- Exercise -
In the data that follows, each entry is to be restated exactly.

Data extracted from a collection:
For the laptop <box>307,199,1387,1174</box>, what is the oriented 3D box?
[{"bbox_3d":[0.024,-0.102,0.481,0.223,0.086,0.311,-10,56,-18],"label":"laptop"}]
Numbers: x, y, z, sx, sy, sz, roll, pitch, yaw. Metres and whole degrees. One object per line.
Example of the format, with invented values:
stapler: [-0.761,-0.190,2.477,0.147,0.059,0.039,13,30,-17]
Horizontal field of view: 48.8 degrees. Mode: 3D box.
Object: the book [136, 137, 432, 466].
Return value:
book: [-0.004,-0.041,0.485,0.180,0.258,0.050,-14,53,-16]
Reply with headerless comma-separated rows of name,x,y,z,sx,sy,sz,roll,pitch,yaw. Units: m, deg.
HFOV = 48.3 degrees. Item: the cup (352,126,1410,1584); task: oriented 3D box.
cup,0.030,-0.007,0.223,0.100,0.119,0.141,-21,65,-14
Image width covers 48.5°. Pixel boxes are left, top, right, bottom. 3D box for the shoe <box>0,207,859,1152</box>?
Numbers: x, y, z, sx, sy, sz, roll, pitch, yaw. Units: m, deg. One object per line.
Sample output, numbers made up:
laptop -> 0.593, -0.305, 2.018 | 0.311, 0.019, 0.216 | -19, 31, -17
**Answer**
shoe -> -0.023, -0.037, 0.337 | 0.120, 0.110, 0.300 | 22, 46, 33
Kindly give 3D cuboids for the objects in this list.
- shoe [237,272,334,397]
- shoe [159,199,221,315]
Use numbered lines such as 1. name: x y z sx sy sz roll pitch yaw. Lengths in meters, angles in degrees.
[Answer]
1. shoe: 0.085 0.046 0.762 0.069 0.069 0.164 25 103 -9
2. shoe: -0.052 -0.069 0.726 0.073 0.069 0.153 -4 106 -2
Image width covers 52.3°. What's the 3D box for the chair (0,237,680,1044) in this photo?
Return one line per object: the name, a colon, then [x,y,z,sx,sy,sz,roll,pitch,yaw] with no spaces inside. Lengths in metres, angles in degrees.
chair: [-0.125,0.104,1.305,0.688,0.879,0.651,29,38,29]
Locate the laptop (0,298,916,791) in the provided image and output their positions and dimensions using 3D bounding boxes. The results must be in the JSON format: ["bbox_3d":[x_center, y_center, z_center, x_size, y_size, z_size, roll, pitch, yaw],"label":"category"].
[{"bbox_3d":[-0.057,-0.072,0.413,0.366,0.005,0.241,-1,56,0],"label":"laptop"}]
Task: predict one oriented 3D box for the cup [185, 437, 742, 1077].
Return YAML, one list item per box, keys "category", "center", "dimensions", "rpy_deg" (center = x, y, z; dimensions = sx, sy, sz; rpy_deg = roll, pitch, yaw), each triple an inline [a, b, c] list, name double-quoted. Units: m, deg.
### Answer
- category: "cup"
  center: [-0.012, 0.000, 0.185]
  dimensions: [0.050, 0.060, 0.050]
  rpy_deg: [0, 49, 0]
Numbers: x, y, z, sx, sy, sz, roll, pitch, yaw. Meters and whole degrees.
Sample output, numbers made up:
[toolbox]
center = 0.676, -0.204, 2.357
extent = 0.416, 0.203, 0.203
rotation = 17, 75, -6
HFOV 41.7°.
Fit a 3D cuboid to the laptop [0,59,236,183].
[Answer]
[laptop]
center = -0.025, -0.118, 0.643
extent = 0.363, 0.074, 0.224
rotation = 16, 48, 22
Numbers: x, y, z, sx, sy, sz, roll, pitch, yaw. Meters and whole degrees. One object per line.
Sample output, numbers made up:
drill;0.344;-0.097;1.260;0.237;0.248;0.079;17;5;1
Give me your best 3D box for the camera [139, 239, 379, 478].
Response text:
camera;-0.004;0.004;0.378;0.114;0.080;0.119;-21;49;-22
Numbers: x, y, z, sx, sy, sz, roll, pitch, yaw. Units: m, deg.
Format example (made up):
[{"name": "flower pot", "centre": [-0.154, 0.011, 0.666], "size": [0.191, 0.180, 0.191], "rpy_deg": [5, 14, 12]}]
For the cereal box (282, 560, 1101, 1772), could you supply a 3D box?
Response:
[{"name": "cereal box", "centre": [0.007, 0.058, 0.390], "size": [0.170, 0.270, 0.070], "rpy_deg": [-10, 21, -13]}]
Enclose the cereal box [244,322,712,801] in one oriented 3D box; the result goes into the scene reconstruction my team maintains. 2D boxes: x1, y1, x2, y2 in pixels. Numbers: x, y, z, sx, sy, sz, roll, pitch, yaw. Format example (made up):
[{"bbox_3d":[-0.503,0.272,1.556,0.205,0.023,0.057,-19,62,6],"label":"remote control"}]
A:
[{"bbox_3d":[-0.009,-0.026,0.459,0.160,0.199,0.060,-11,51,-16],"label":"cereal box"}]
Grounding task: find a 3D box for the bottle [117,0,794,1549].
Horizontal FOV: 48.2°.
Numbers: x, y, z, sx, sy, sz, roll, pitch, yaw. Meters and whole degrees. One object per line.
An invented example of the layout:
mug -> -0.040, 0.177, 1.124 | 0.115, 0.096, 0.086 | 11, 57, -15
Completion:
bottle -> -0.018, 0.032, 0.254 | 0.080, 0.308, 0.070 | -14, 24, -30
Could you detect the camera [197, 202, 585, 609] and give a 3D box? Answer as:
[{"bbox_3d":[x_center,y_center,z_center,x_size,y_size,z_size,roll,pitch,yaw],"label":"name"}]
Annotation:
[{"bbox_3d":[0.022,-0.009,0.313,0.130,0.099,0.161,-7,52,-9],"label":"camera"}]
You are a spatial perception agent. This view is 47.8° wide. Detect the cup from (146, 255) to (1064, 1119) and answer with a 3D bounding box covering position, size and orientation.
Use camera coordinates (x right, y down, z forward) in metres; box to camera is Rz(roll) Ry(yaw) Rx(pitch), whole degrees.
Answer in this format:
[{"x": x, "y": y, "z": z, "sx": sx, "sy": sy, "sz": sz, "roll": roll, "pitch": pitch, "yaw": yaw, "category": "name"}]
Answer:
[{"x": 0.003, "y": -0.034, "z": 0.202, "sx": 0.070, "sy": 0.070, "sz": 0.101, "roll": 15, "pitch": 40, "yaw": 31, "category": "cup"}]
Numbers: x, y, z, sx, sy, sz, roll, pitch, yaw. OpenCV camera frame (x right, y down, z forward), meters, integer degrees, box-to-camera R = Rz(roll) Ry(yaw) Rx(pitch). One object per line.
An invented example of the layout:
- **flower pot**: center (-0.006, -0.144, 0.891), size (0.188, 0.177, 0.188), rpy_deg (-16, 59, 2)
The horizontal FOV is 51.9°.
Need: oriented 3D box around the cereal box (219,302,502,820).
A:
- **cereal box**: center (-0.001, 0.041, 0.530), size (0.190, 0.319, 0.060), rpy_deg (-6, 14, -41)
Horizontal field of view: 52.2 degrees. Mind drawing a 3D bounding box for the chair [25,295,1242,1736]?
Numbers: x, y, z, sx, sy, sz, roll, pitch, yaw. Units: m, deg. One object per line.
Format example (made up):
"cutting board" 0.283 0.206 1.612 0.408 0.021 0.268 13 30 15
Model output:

- Response area -
For the laptop <box>307,199,1387,1174</box>, what is the oriented 3D box?
[{"bbox_3d":[0.024,-0.102,0.481,0.223,0.086,0.311,-10,56,-18],"label":"laptop"}]
Numbers: x, y, z, sx, sy, sz, roll, pitch, yaw. Metres and whole degrees. One object per line.
Example of the format, with invented values:
stapler: [-0.761,-0.190,2.477,0.147,0.059,0.039,13,30,-17]
Horizontal field of view: 48.8 degrees. Mode: 3D box.
Object: the book [136, 137, 432, 466].
Return value:
book: [-0.004,-0.041,0.485,0.180,0.258,0.050,-14,53,-16]
Reply with headerless comma-separated rows of name,x,y,z,sx,sy,sz,roll,pitch,yaw. Units: m, deg.
HFOV = 48.3 degrees. Item: the cup (352,126,1410,1584); task: oriented 3D box.
cup,0.030,-0.007,0.223,0.100,0.119,0.141,-21,65,-14
Image width covers 48.5°. Pixel boxes are left, top, right, bottom. 3D box for the shoe <box>0,207,859,1152</box>?
Numbers: x, y, z, sx, sy, sz, roll, pitch, yaw. Units: m, deg. One object per line.
Sample output, numbers made up:
laptop -> 0.593, -0.305, 2.018 | 0.311, 0.019, 0.216 | -19, 31, -17
**Answer**
shoe -> -0.023, -0.037, 0.337 | 0.120, 0.110, 0.300 | 22, 46, 33
Kindly give 3D cuboids for the objects in this list.
- shoe [237,272,334,397]
- shoe [159,199,221,315]
Use numbered lines such as 1. name: x y z sx sy sz roll pitch yaw. Lengths in meters, angles in degrees.
[Answer]
1. shoe: 0.085 0.046 0.762 0.069 0.069 0.164 25 103 -9
2. shoe: -0.052 -0.069 0.726 0.073 0.069 0.153 -4 106 -2
Image width covers 52.3°. What's the 3D box for the chair (0,237,680,1044) in this photo?
Return one line per object: the name, a colon, then [x,y,z,sx,sy,sz,roll,pitch,yaw] with no spaces inside. Lengths in metres, angles in degrees.
chair: [-0.125,0.104,1.305,0.688,0.879,0.651,29,38,29]
Locate the laptop (0,298,916,791) in the provided image and output their positions and dimensions using 3D bounding boxes. The results must be in the JSON format: ["bbox_3d":[x_center, y_center, z_center, x_size, y_size, z_size, roll, pitch, yaw],"label":"category"].
[{"bbox_3d":[-0.057,-0.072,0.413,0.366,0.005,0.241,-1,56,0],"label":"laptop"}]
Task: predict one oriented 3D box for the cup [185, 437, 742, 1077].
Return YAML, one list item per box, keys "category", "center", "dimensions", "rpy_deg" (center = x, y, z; dimensions = sx, sy, sz; rpy_deg = roll, pitch, yaw), each triple an inline [a, b, c] list, name double-quoted. Units: m, deg.
### Answer
- category: "cup"
  center: [-0.012, 0.000, 0.185]
  dimensions: [0.050, 0.060, 0.050]
  rpy_deg: [0, 49, 0]
Numbers: x, y, z, sx, sy, sz, roll, pitch, yaw. Meters and whole degrees.
Sample output, numbers made up:
[toolbox]
center = 0.676, -0.204, 2.357
extent = 0.416, 0.203, 0.203
rotation = 17, 75, -6
HFOV 41.7°.
Fit a 3D cuboid to the laptop [0,59,236,183].
[Answer]
[laptop]
center = -0.025, -0.118, 0.643
extent = 0.363, 0.074, 0.224
rotation = 16, 48, 22
Numbers: x, y, z, sx, sy, sz, roll, pitch, yaw. Meters and whole degrees. One object per line.
Sample output, numbers made up:
drill;0.344;-0.097;1.260;0.237;0.248;0.079;17;5;1
Give me your best 3D box for the camera [139, 239, 379, 478].
Response text:
camera;-0.004;0.004;0.378;0.114;0.080;0.119;-21;49;-22
Numbers: x, y, z, sx, sy, sz, roll, pitch, yaw. Units: m, deg.
Format example (made up):
[{"name": "flower pot", "centre": [-0.154, 0.011, 0.666], "size": [0.191, 0.180, 0.191], "rpy_deg": [5, 14, 12]}]
For the cereal box (282, 560, 1101, 1772), could you supply a 3D box?
Response:
[{"name": "cereal box", "centre": [0.007, 0.058, 0.390], "size": [0.170, 0.270, 0.070], "rpy_deg": [-10, 21, -13]}]
Enclose the cereal box [244,322,712,801] in one oriented 3D box; the result goes into the scene reconstruction my team maintains. 2D boxes: x1, y1, x2, y2 in pixels. Numbers: x, y, z, sx, sy, sz, roll, pitch, yaw. Format example (made up):
[{"bbox_3d":[-0.503,0.272,1.556,0.205,0.023,0.057,-19,62,6],"label":"remote control"}]
A:
[{"bbox_3d":[-0.009,-0.026,0.459,0.160,0.199,0.060,-11,51,-16],"label":"cereal box"}]
Grounding task: find a 3D box for the bottle [117,0,794,1549].
Horizontal FOV: 48.2°.
Numbers: x, y, z, sx, sy, sz, roll, pitch, yaw. Meters and whole degrees. One object per line.
An invented example of the layout:
mug -> -0.040, 0.177, 1.124 | 0.115, 0.096, 0.086 | 11, 57, -15
Completion:
bottle -> -0.018, 0.032, 0.254 | 0.080, 0.308, 0.070 | -14, 24, -30
Could you detect the camera [197, 202, 585, 609] and give a 3D box? Answer as:
[{"bbox_3d":[x_center,y_center,z_center,x_size,y_size,z_size,roll,pitch,yaw],"label":"name"}]
Annotation:
[{"bbox_3d":[0.022,-0.009,0.313,0.130,0.099,0.161,-7,52,-9],"label":"camera"}]
You are a spatial perception agent. This view is 47.8° wide. Detect the cup from (146, 255) to (1064, 1119) and answer with a 3D bounding box covering position, size and orientation.
Use camera coordinates (x right, y down, z forward) in metres; box to camera is Rz(roll) Ry(yaw) Rx(pitch), whole degrees.
Answer in this format:
[{"x": x, "y": y, "z": z, "sx": sx, "sy": sy, "sz": sz, "roll": roll, "pitch": pitch, "yaw": yaw, "category": "name"}]
Answer:
[{"x": 0.003, "y": -0.034, "z": 0.202, "sx": 0.070, "sy": 0.070, "sz": 0.101, "roll": 15, "pitch": 40, "yaw": 31, "category": "cup"}]
Numbers: x, y, z, sx, sy, sz, roll, pitch, yaw. OpenCV camera frame (x right, y down, z forward), meters, integer degrees, box-to-camera R = Rz(roll) Ry(yaw) Rx(pitch). One object per line.
An invented example of the layout:
- **flower pot**: center (-0.006, -0.144, 0.891), size (0.188, 0.177, 0.188), rpy_deg (-16, 59, 2)
The horizontal FOV is 51.9°.
Need: oriented 3D box around the cereal box (219,302,502,820).
A:
- **cereal box**: center (-0.001, 0.041, 0.530), size (0.190, 0.319, 0.060), rpy_deg (-6, 14, -41)
Horizontal field of view: 52.2 degrees. Mind drawing a 3D bounding box for the chair [25,295,1242,1736]?
Numbers: x, y, z, sx, sy, sz, roll, pitch, yaw. Units: m, deg. One object per line.
Format example (made up):
"cutting board" 0.283 0.206 1.612 0.408 0.021 0.268 13 30 15
Model output:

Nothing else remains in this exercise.